AWS ECS vs Kubernetes: Real-Life Lessons on Simplicity, Performance, and Cost
Introduction: Choosing a container orchestration platform is a bit like choosing the vehicle for your journey. Do you go with the feature-packed Kubernetes (often likened to the "Lamborghini" of orchestration) or the native AWS Elastic Container Service (ECS), a trusty "Jeep" that just works? As a DevOps engineer who has managed AWS ECS clusters through Terraform and integrated them with CI/CD pipelines (CodePipeline, CodeBuild, GitHub) and front-end services like ALB and CloudFront, I’ve lived this decision. In this article, I'll share my real-world perspective on AWS ECS vs. Kubernetes, and why ECS emerged as the hero in our story – delivering scalability, agility, and cost savings with less overhead. The goal is to keep it technical yet accessible, with a bit of storytelling to make it fun and engaging.

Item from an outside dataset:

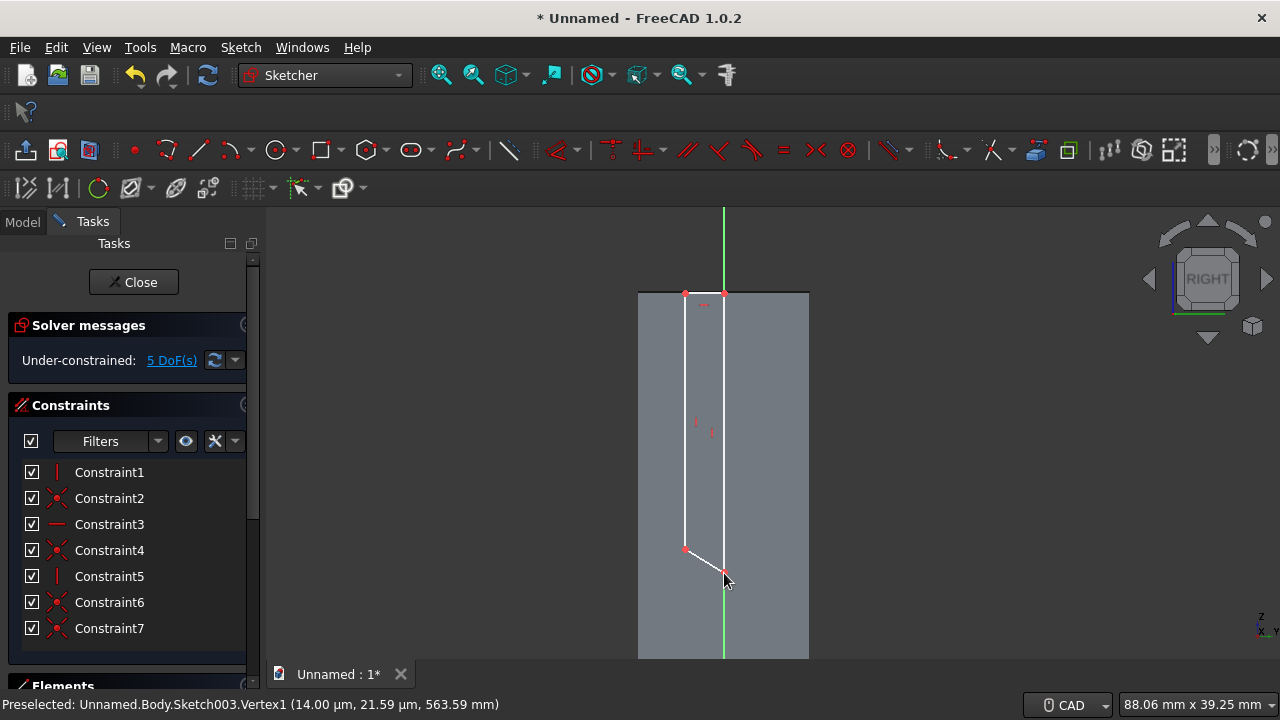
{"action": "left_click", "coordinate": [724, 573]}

Setting the Stage: ECS and Kubernetes in Context
When my team embarked on building a cloud platform for our applications, we were at a crossroads: Amazon ECS or Kubernetes? Both are powerful, but they cater to different needs. Kubernetes (often on AWS via EKS, Elastic Kubernetes Service) is renowned for its flexibility and multi-cloud portability, with a vibrant ecosystem of tools and plugins. It’s an open-source orchestration engine that can run anywhere, offering advanced features and fine-grained control. However, that power comes with significant complexity and operational overhead – even with a managed service like EKS, you face a steep learning curve and tasks like cluster upgrades, networking configuration, and maintaining various components Community.aws. In short, Kubernetes can be “high-performance but not really practical for most use cases,” as one AWS engineer quipped, comparing it to a supercar on a pothole-filled road, Reddit.com.
Amazon ECS, on the other hand, is a fully managed container orchestration service tightly integrated with AWS. It immediately attracted us because it abstracts away much of the complexity of running containers. There’s no control plane for us to manage – AWS handles the heavy lifting of cluster management behind the scenes Community.aws.
ECS provided a clean, AWS-native API to run tasks (containers) and services, and it plugged in seamlessly with other AWS services like CloudWatch (for logs/metrics), IAM (for fine-grained access control), and ELB/ALB (for load balancing). In other words, it felt like a natural extension of the AWS ecosystem we were already using. Our developers could get up to speed quickly since there weren’t many new concepts to learn – ECS felt familiar, “much more like other AWS services such as EC2 or Lambda,” requiring no new exotic tooling. The learning curve was gentle, especially compared to Kubernetes.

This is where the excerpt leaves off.